Профессор вышел из комнаты. Ганс посмотрел ему вслед, скрестил руки и сказал вполголоса:

— Вот когда взорвется бомба!

— Не относись так легко к этой истории! — заметил Михаил. — Тебе во всяком случае придется выдержать жестокую борьбу, потому что дядя выйдет из себя.

— Я знаю, я готов и вооружился на сей предмет. Но уж не хочешь ли ты уйти отсюда! Нет, брат, это не дело, я не могу обойтись без резерва в предстоящей битве. Если завяжется слишком горячая схватка, я вытяну тебя в качестве вспомогательного корпуса. Уж окажи мне такую услугу, останься!

— Я рад, что теперь конец тайне, — недовольно сказал молодой офицер, отходя к оконной нише. — Я дал тебе слово молчать, но это было мне очень тяжело, гораздо тяжелее, чем тебе.

— Ба! Я не мог ничего поделать иначе. Ведь у вас, военных, тоже допускаются военные хитрости... Тише! Отец возвращается! Смело в атаку!

Действительно, профессор вернулся и, благодушно усевшись в кресле перед письменным столом, знаком подозвал к себе сына и произнес:

— Во всяком случае ты был в хороших руках. Коллега Бауер — признанный авторитет в нашей специальности и вполне разделяет мои принципы; вот почему я сдался на твои просьбы и послал тебя в Б. Правда, я не раз опасался того, что ты домогался лишь беспечального студенческого жития, но тем не менее считал, что будет очень хорошо, если ты продолжишь свои занятия под другим руководством. Ну-с, а теперь послушаем.

Было похоже, что молодому человеку не по себе от этого вступления. Он смущенно дергал усы и не без запинок ответил:

— Да... профессор Бауер... Я посещал его лекции... даже очень регулярно...

— Но разумеется! Ведь главным образом к нему я и посылал тебя!

— Только учился я не у него, отец!

Велау нахмурился и с упреком сказал:

— Ганс, нехорошо с твоей стороны было пренебречь таким заслуженным ученым. Конечно, с ним во многом нельзя согласиться, но тем не менее его труды очень значительны.
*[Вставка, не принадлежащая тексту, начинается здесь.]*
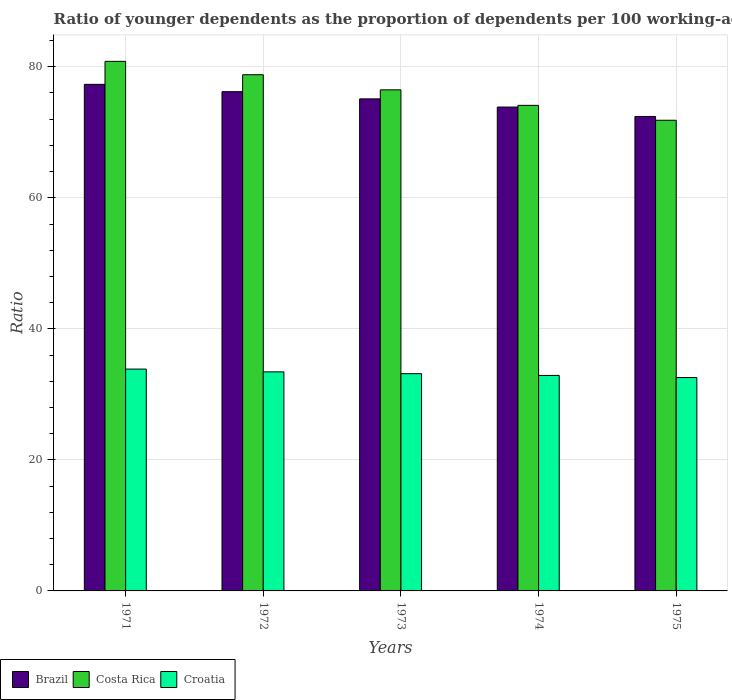How many different coloured bars are there?
Offer a very short reply. 3. What is the label of the 5th group of bars from the left?
Your response must be concise. 1975. In how many cases, is the number of bars for a given year not equal to the number of legend labels?
Your answer should be compact. 0. What is the age dependency ratio(young) in Costa Rica in 1972?
Provide a succinct answer. 78.79. Across all years, what is the maximum age dependency ratio(young) in Brazil?
Provide a succinct answer. 77.32. Across all years, what is the minimum age dependency ratio(young) in Brazil?
Keep it short and to the point. 72.42. In which year was the age dependency ratio(young) in Costa Rica maximum?
Ensure brevity in your answer.  1971. In which year was the age dependency ratio(young) in Brazil minimum?
Give a very brief answer. 1975. What is the total age dependency ratio(young) in Brazil in the graph?
Your response must be concise. 374.89. What is the difference between the age dependency ratio(young) in Brazil in 1973 and that in 1974?
Provide a succinct answer. 1.25. What is the difference between the age dependency ratio(young) in Costa Rica in 1973 and the age dependency ratio(young) in Croatia in 1972?
Provide a succinct answer. 43.05. What is the average age dependency ratio(young) in Costa Rica per year?
Offer a terse response. 76.41. In the year 1973, what is the difference between the age dependency ratio(young) in Brazil and age dependency ratio(young) in Costa Rica?
Ensure brevity in your answer.  -1.38. What is the ratio of the age dependency ratio(young) in Croatia in 1974 to that in 1975?
Provide a short and direct response. 1.01. Is the difference between the age dependency ratio(young) in Brazil in 1972 and 1974 greater than the difference between the age dependency ratio(young) in Costa Rica in 1972 and 1974?
Offer a very short reply. No. What is the difference between the highest and the second highest age dependency ratio(young) in Brazil?
Your answer should be compact. 1.12. What is the difference between the highest and the lowest age dependency ratio(young) in Brazil?
Ensure brevity in your answer.  4.9. Is the sum of the age dependency ratio(young) in Brazil in 1974 and 1975 greater than the maximum age dependency ratio(young) in Costa Rica across all years?
Keep it short and to the point. Yes. What does the 1st bar from the left in 1971 represents?
Give a very brief answer. Brazil. Is it the case that in every year, the sum of the age dependency ratio(young) in Costa Rica and age dependency ratio(young) in Brazil is greater than the age dependency ratio(young) in Croatia?
Ensure brevity in your answer.  Yes. How many bars are there?
Your answer should be very brief. 15. Are all the bars in the graph horizontal?
Your response must be concise. No. Does the graph contain any zero values?
Your answer should be compact. No. Does the graph contain grids?
Your answer should be very brief. Yes. Where does the legend appear in the graph?
Ensure brevity in your answer.  Bottom left. What is the title of the graph?
Make the answer very short. Ratio of younger dependents as the proportion of dependents per 100 working-age population. What is the label or title of the Y-axis?
Provide a short and direct response. Ratio. What is the Ratio of Brazil in 1971?
Offer a very short reply. 77.32. What is the Ratio in Costa Rica in 1971?
Make the answer very short. 80.83. What is the Ratio of Croatia in 1971?
Provide a succinct answer. 33.86. What is the Ratio in Brazil in 1972?
Ensure brevity in your answer.  76.2. What is the Ratio of Costa Rica in 1972?
Your answer should be compact. 78.79. What is the Ratio of Croatia in 1972?
Give a very brief answer. 33.43. What is the Ratio of Brazil in 1973?
Provide a succinct answer. 75.1. What is the Ratio in Costa Rica in 1973?
Make the answer very short. 76.48. What is the Ratio of Croatia in 1973?
Provide a short and direct response. 33.16. What is the Ratio in Brazil in 1974?
Your response must be concise. 73.85. What is the Ratio in Costa Rica in 1974?
Offer a terse response. 74.11. What is the Ratio in Croatia in 1974?
Offer a very short reply. 32.89. What is the Ratio in Brazil in 1975?
Your answer should be very brief. 72.42. What is the Ratio in Costa Rica in 1975?
Provide a succinct answer. 71.84. What is the Ratio in Croatia in 1975?
Your response must be concise. 32.57. Across all years, what is the maximum Ratio of Brazil?
Keep it short and to the point. 77.32. Across all years, what is the maximum Ratio of Costa Rica?
Your response must be concise. 80.83. Across all years, what is the maximum Ratio of Croatia?
Your answer should be very brief. 33.86. Across all years, what is the minimum Ratio of Brazil?
Make the answer very short. 72.42. Across all years, what is the minimum Ratio in Costa Rica?
Offer a very short reply. 71.84. Across all years, what is the minimum Ratio of Croatia?
Offer a very short reply. 32.57. What is the total Ratio in Brazil in the graph?
Your answer should be very brief. 374.89. What is the total Ratio of Costa Rica in the graph?
Provide a succinct answer. 382.04. What is the total Ratio of Croatia in the graph?
Offer a very short reply. 165.91. What is the difference between the Ratio of Brazil in 1971 and that in 1972?
Offer a very short reply. 1.12. What is the difference between the Ratio of Costa Rica in 1971 and that in 1972?
Provide a succinct answer. 2.04. What is the difference between the Ratio of Croatia in 1971 and that in 1972?
Offer a terse response. 0.42. What is the difference between the Ratio of Brazil in 1971 and that in 1973?
Your answer should be compact. 2.22. What is the difference between the Ratio in Costa Rica in 1971 and that in 1973?
Your response must be concise. 4.35. What is the difference between the Ratio of Croatia in 1971 and that in 1973?
Give a very brief answer. 0.7. What is the difference between the Ratio in Brazil in 1971 and that in 1974?
Your answer should be compact. 3.47. What is the difference between the Ratio of Costa Rica in 1971 and that in 1974?
Offer a very short reply. 6.72. What is the difference between the Ratio of Croatia in 1971 and that in 1974?
Your answer should be compact. 0.97. What is the difference between the Ratio of Brazil in 1971 and that in 1975?
Give a very brief answer. 4.9. What is the difference between the Ratio of Costa Rica in 1971 and that in 1975?
Your response must be concise. 8.99. What is the difference between the Ratio in Croatia in 1971 and that in 1975?
Provide a short and direct response. 1.29. What is the difference between the Ratio of Brazil in 1972 and that in 1973?
Keep it short and to the point. 1.1. What is the difference between the Ratio of Costa Rica in 1972 and that in 1973?
Offer a very short reply. 2.31. What is the difference between the Ratio in Croatia in 1972 and that in 1973?
Offer a terse response. 0.28. What is the difference between the Ratio in Brazil in 1972 and that in 1974?
Give a very brief answer. 2.35. What is the difference between the Ratio of Costa Rica in 1972 and that in 1974?
Offer a very short reply. 4.67. What is the difference between the Ratio in Croatia in 1972 and that in 1974?
Your answer should be very brief. 0.54. What is the difference between the Ratio in Brazil in 1972 and that in 1975?
Keep it short and to the point. 3.78. What is the difference between the Ratio of Costa Rica in 1972 and that in 1975?
Make the answer very short. 6.95. What is the difference between the Ratio in Croatia in 1972 and that in 1975?
Make the answer very short. 0.87. What is the difference between the Ratio in Brazil in 1973 and that in 1974?
Provide a succinct answer. 1.25. What is the difference between the Ratio of Costa Rica in 1973 and that in 1974?
Your answer should be compact. 2.37. What is the difference between the Ratio in Croatia in 1973 and that in 1974?
Provide a short and direct response. 0.27. What is the difference between the Ratio in Brazil in 1973 and that in 1975?
Keep it short and to the point. 2.69. What is the difference between the Ratio of Costa Rica in 1973 and that in 1975?
Offer a very short reply. 4.64. What is the difference between the Ratio of Croatia in 1973 and that in 1975?
Offer a terse response. 0.59. What is the difference between the Ratio in Brazil in 1974 and that in 1975?
Make the answer very short. 1.44. What is the difference between the Ratio of Costa Rica in 1974 and that in 1975?
Ensure brevity in your answer.  2.27. What is the difference between the Ratio in Croatia in 1974 and that in 1975?
Provide a succinct answer. 0.32. What is the difference between the Ratio in Brazil in 1971 and the Ratio in Costa Rica in 1972?
Your answer should be compact. -1.47. What is the difference between the Ratio in Brazil in 1971 and the Ratio in Croatia in 1972?
Keep it short and to the point. 43.88. What is the difference between the Ratio in Costa Rica in 1971 and the Ratio in Croatia in 1972?
Provide a short and direct response. 47.39. What is the difference between the Ratio of Brazil in 1971 and the Ratio of Costa Rica in 1973?
Ensure brevity in your answer.  0.84. What is the difference between the Ratio of Brazil in 1971 and the Ratio of Croatia in 1973?
Ensure brevity in your answer.  44.16. What is the difference between the Ratio of Costa Rica in 1971 and the Ratio of Croatia in 1973?
Ensure brevity in your answer.  47.67. What is the difference between the Ratio of Brazil in 1971 and the Ratio of Costa Rica in 1974?
Keep it short and to the point. 3.21. What is the difference between the Ratio of Brazil in 1971 and the Ratio of Croatia in 1974?
Keep it short and to the point. 44.43. What is the difference between the Ratio of Costa Rica in 1971 and the Ratio of Croatia in 1974?
Make the answer very short. 47.94. What is the difference between the Ratio of Brazil in 1971 and the Ratio of Costa Rica in 1975?
Your response must be concise. 5.48. What is the difference between the Ratio of Brazil in 1971 and the Ratio of Croatia in 1975?
Give a very brief answer. 44.75. What is the difference between the Ratio in Costa Rica in 1971 and the Ratio in Croatia in 1975?
Ensure brevity in your answer.  48.26. What is the difference between the Ratio in Brazil in 1972 and the Ratio in Costa Rica in 1973?
Offer a very short reply. -0.28. What is the difference between the Ratio of Brazil in 1972 and the Ratio of Croatia in 1973?
Provide a short and direct response. 43.04. What is the difference between the Ratio of Costa Rica in 1972 and the Ratio of Croatia in 1973?
Provide a short and direct response. 45.63. What is the difference between the Ratio in Brazil in 1972 and the Ratio in Costa Rica in 1974?
Provide a succinct answer. 2.09. What is the difference between the Ratio of Brazil in 1972 and the Ratio of Croatia in 1974?
Keep it short and to the point. 43.31. What is the difference between the Ratio in Costa Rica in 1972 and the Ratio in Croatia in 1974?
Offer a terse response. 45.9. What is the difference between the Ratio in Brazil in 1972 and the Ratio in Costa Rica in 1975?
Your response must be concise. 4.36. What is the difference between the Ratio in Brazil in 1972 and the Ratio in Croatia in 1975?
Offer a very short reply. 43.63. What is the difference between the Ratio of Costa Rica in 1972 and the Ratio of Croatia in 1975?
Your response must be concise. 46.22. What is the difference between the Ratio in Brazil in 1973 and the Ratio in Croatia in 1974?
Make the answer very short. 42.21. What is the difference between the Ratio of Costa Rica in 1973 and the Ratio of Croatia in 1974?
Give a very brief answer. 43.59. What is the difference between the Ratio in Brazil in 1973 and the Ratio in Costa Rica in 1975?
Make the answer very short. 3.27. What is the difference between the Ratio in Brazil in 1973 and the Ratio in Croatia in 1975?
Your answer should be very brief. 42.53. What is the difference between the Ratio in Costa Rica in 1973 and the Ratio in Croatia in 1975?
Your answer should be very brief. 43.91. What is the difference between the Ratio in Brazil in 1974 and the Ratio in Costa Rica in 1975?
Your answer should be very brief. 2.02. What is the difference between the Ratio of Brazil in 1974 and the Ratio of Croatia in 1975?
Provide a short and direct response. 41.28. What is the difference between the Ratio in Costa Rica in 1974 and the Ratio in Croatia in 1975?
Keep it short and to the point. 41.54. What is the average Ratio of Brazil per year?
Keep it short and to the point. 74.98. What is the average Ratio of Costa Rica per year?
Your answer should be compact. 76.41. What is the average Ratio in Croatia per year?
Give a very brief answer. 33.18. In the year 1971, what is the difference between the Ratio in Brazil and Ratio in Costa Rica?
Ensure brevity in your answer.  -3.51. In the year 1971, what is the difference between the Ratio of Brazil and Ratio of Croatia?
Your response must be concise. 43.46. In the year 1971, what is the difference between the Ratio of Costa Rica and Ratio of Croatia?
Provide a succinct answer. 46.97. In the year 1972, what is the difference between the Ratio of Brazil and Ratio of Costa Rica?
Your response must be concise. -2.58. In the year 1972, what is the difference between the Ratio in Brazil and Ratio in Croatia?
Make the answer very short. 42.77. In the year 1972, what is the difference between the Ratio in Costa Rica and Ratio in Croatia?
Offer a terse response. 45.35. In the year 1973, what is the difference between the Ratio in Brazil and Ratio in Costa Rica?
Your response must be concise. -1.38. In the year 1973, what is the difference between the Ratio in Brazil and Ratio in Croatia?
Your answer should be compact. 41.95. In the year 1973, what is the difference between the Ratio in Costa Rica and Ratio in Croatia?
Ensure brevity in your answer.  43.32. In the year 1974, what is the difference between the Ratio of Brazil and Ratio of Costa Rica?
Ensure brevity in your answer.  -0.26. In the year 1974, what is the difference between the Ratio of Brazil and Ratio of Croatia?
Your answer should be very brief. 40.96. In the year 1974, what is the difference between the Ratio of Costa Rica and Ratio of Croatia?
Give a very brief answer. 41.22. In the year 1975, what is the difference between the Ratio of Brazil and Ratio of Costa Rica?
Your response must be concise. 0.58. In the year 1975, what is the difference between the Ratio of Brazil and Ratio of Croatia?
Keep it short and to the point. 39.85. In the year 1975, what is the difference between the Ratio of Costa Rica and Ratio of Croatia?
Offer a very short reply. 39.27. What is the ratio of the Ratio in Brazil in 1971 to that in 1972?
Your response must be concise. 1.01. What is the ratio of the Ratio of Costa Rica in 1971 to that in 1972?
Offer a very short reply. 1.03. What is the ratio of the Ratio of Croatia in 1971 to that in 1972?
Provide a succinct answer. 1.01. What is the ratio of the Ratio of Brazil in 1971 to that in 1973?
Keep it short and to the point. 1.03. What is the ratio of the Ratio in Costa Rica in 1971 to that in 1973?
Offer a terse response. 1.06. What is the ratio of the Ratio in Croatia in 1971 to that in 1973?
Your answer should be compact. 1.02. What is the ratio of the Ratio of Brazil in 1971 to that in 1974?
Provide a short and direct response. 1.05. What is the ratio of the Ratio in Costa Rica in 1971 to that in 1974?
Provide a succinct answer. 1.09. What is the ratio of the Ratio of Croatia in 1971 to that in 1974?
Provide a short and direct response. 1.03. What is the ratio of the Ratio of Brazil in 1971 to that in 1975?
Your answer should be compact. 1.07. What is the ratio of the Ratio in Costa Rica in 1971 to that in 1975?
Provide a short and direct response. 1.13. What is the ratio of the Ratio of Croatia in 1971 to that in 1975?
Your response must be concise. 1.04. What is the ratio of the Ratio in Brazil in 1972 to that in 1973?
Provide a short and direct response. 1.01. What is the ratio of the Ratio in Costa Rica in 1972 to that in 1973?
Make the answer very short. 1.03. What is the ratio of the Ratio in Croatia in 1972 to that in 1973?
Your response must be concise. 1.01. What is the ratio of the Ratio in Brazil in 1972 to that in 1974?
Make the answer very short. 1.03. What is the ratio of the Ratio of Costa Rica in 1972 to that in 1974?
Offer a terse response. 1.06. What is the ratio of the Ratio in Croatia in 1972 to that in 1974?
Provide a short and direct response. 1.02. What is the ratio of the Ratio in Brazil in 1972 to that in 1975?
Make the answer very short. 1.05. What is the ratio of the Ratio in Costa Rica in 1972 to that in 1975?
Make the answer very short. 1.1. What is the ratio of the Ratio of Croatia in 1972 to that in 1975?
Ensure brevity in your answer.  1.03. What is the ratio of the Ratio in Brazil in 1973 to that in 1974?
Provide a succinct answer. 1.02. What is the ratio of the Ratio of Costa Rica in 1973 to that in 1974?
Your answer should be compact. 1.03. What is the ratio of the Ratio in Brazil in 1973 to that in 1975?
Offer a terse response. 1.04. What is the ratio of the Ratio of Costa Rica in 1973 to that in 1975?
Make the answer very short. 1.06. What is the ratio of the Ratio in Croatia in 1973 to that in 1975?
Offer a terse response. 1.02. What is the ratio of the Ratio of Brazil in 1974 to that in 1975?
Your answer should be very brief. 1.02. What is the ratio of the Ratio in Costa Rica in 1974 to that in 1975?
Offer a very short reply. 1.03. What is the ratio of the Ratio of Croatia in 1974 to that in 1975?
Offer a very short reply. 1.01. What is the difference between the highest and the second highest Ratio of Brazil?
Keep it short and to the point. 1.12. What is the difference between the highest and the second highest Ratio in Costa Rica?
Provide a succinct answer. 2.04. What is the difference between the highest and the second highest Ratio in Croatia?
Offer a terse response. 0.42. What is the difference between the highest and the lowest Ratio of Brazil?
Ensure brevity in your answer.  4.9. What is the difference between the highest and the lowest Ratio of Costa Rica?
Provide a succinct answer. 8.99. What is the difference between the highest and the lowest Ratio in Croatia?
Offer a very short reply. 1.29. 
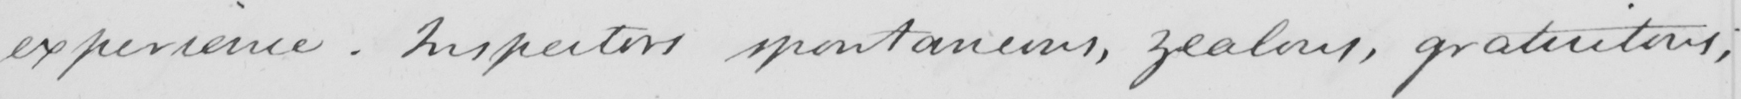Can you read and transcribe this handwriting? experience . Inspectors spontaneous , zealous , gratuitous ; 
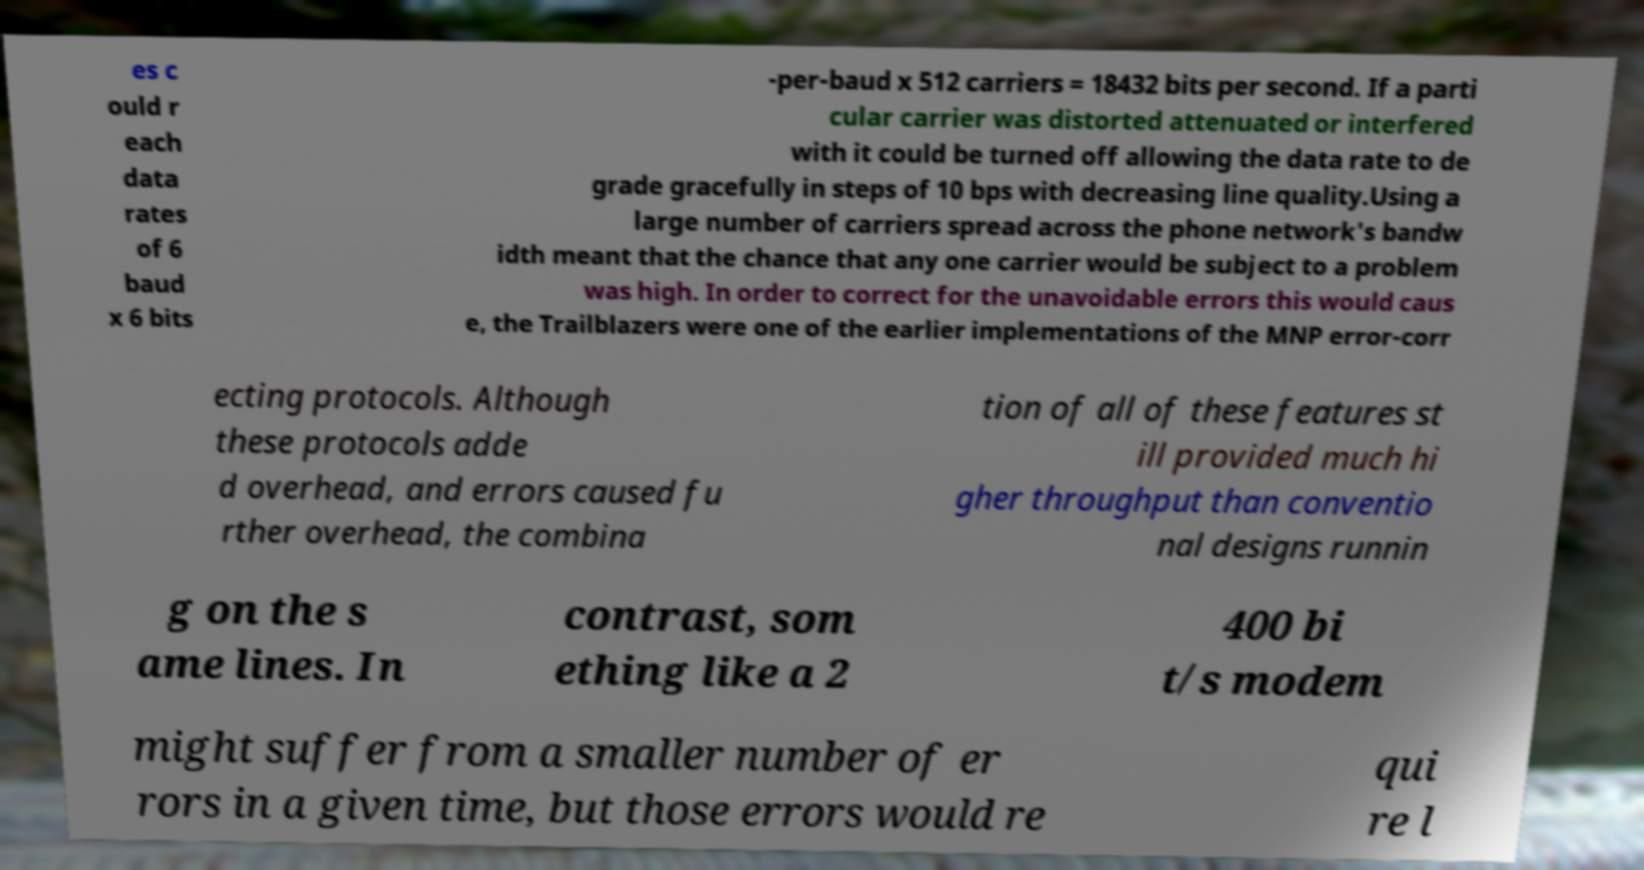For documentation purposes, I need the text within this image transcribed. Could you provide that? es c ould r each data rates of 6 baud x 6 bits -per-baud x 512 carriers = 18432 bits per second. If a parti cular carrier was distorted attenuated or interfered with it could be turned off allowing the data rate to de grade gracefully in steps of 10 bps with decreasing line quality.Using a large number of carriers spread across the phone network's bandw idth meant that the chance that any one carrier would be subject to a problem was high. In order to correct for the unavoidable errors this would caus e, the Trailblazers were one of the earlier implementations of the MNP error-corr ecting protocols. Although these protocols adde d overhead, and errors caused fu rther overhead, the combina tion of all of these features st ill provided much hi gher throughput than conventio nal designs runnin g on the s ame lines. In contrast, som ething like a 2 400 bi t/s modem might suffer from a smaller number of er rors in a given time, but those errors would re qui re l 
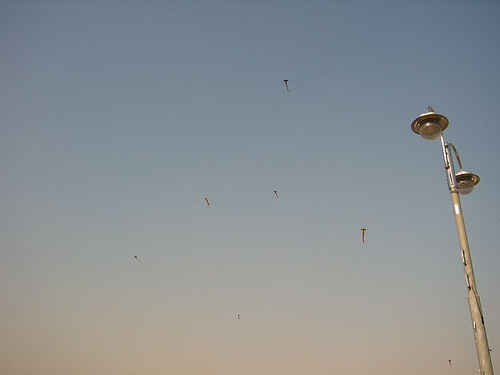Describe the objects in this image and their specific colors. I can see kite in gray, darkgray, brown, and maroon tones, kite in gray and black tones, kite in gray, darkgray, and black tones, kite in gray, darkgray, and black tones, and kite in darkgray, gray, and black tones in this image. 
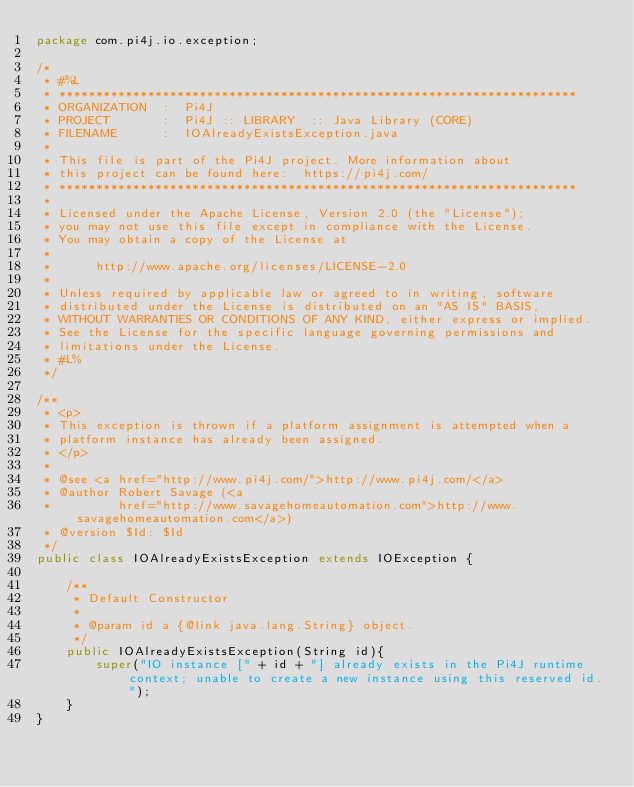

— Господи, да ведь я говорю вовсе не о научных трудах и заслугах профессора, а о своих собственных, которые, к сожалению, были слишком незначительны, почему я и позволил себе несколько изменить свои занятия.

— Несмотря на мое вполне категорически выраженное желание? Ведь я же составил для тебя вполне точный план занятий! К кому же ты обратился?

Ганс на секунду замялся с ответом, кинул взгляд на оконную нишу, где обретался его «резервный корпус», затем не без труда выговорил:

— К профессору... Вальтеру...

— Вальтеру? Это кто? Я не знаю такого!

— Да нет, отец, ты наверное слышал имя Фридриха Вальтера. Ведь он всемирно известный художник...

— Кто? — переспросил профессор, которому показалось, что он ослышался.

— Художник, и вот потому-то я и хотел отправиться в Б. Маэстро Вальтер живет там и оказал мне честь принять меня в свое ателье. Дело в том, что я собственно занимался не естественными науками, а живописью...

Теперь решающее слово было сказано! Профессор Велау подскочил и, почти лишившись дара слова, безмолвно смотрел на сына. Наконец он загремел:

— Да ты рехнулся, что ли?

Но Ганс отлично знал, что успех может быть достигнут лишь в том случае, если он не даст отцу говорить. Поэтому он торопился продолжать:

— Я был очень старателен эти два года, чрезвычайно старателен. Мой профессор подтвердит тебе это, отец; он находит, что теперь я могу работать уже самостоятельно. На прощание он сказал мне: «Вашему батюшке наверное будет очень приятно, когда он увидит ваши произведения, вы только сошлитесь на меня!».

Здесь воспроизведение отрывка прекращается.